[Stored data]
§

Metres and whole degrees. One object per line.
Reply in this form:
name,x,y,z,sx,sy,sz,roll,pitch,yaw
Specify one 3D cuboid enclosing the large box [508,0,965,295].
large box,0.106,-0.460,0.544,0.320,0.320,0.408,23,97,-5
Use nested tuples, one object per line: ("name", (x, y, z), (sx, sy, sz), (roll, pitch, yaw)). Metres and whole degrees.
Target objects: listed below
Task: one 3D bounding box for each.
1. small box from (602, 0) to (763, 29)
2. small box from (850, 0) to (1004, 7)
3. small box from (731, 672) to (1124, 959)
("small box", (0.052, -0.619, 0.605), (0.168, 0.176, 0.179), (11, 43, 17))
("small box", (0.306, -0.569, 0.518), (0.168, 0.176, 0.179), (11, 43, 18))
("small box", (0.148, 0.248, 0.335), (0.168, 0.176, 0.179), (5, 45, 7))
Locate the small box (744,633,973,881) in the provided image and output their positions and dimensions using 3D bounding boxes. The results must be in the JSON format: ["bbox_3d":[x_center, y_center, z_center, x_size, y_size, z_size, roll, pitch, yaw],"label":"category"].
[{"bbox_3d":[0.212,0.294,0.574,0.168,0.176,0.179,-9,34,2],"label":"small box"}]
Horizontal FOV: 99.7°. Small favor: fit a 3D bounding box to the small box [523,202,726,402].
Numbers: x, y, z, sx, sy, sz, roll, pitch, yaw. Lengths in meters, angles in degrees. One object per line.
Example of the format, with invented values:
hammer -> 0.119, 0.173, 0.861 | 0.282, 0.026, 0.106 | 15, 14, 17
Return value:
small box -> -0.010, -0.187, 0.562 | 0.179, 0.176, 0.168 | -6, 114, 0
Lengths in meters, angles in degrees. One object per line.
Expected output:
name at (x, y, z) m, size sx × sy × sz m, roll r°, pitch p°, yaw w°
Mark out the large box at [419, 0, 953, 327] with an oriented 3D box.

§

TASK OBJECTIVE>
The answer must consist of the lines from the one with "hammer -> 0.119, 0.173, 0.861" through the final line of the entries above, exactly as they are, and nothing else.

FINISHED TASK>
hammer -> 0.119, 0.173, 0.861 | 0.282, 0.026, 0.106 | 15, 14, 17
Return value:
small box -> -0.010, -0.187, 0.562 | 0.179, 0.176, 0.168 | -6, 114, 0
Lengths in meters, angles in degrees. One object per line.
Expected output:
name at (x, y, z) m, size sx × sy × sz m, roll r°, pitch p°, yaw w°
Mark out the large box at [419, 0, 953, 327] with an oriented 3D box.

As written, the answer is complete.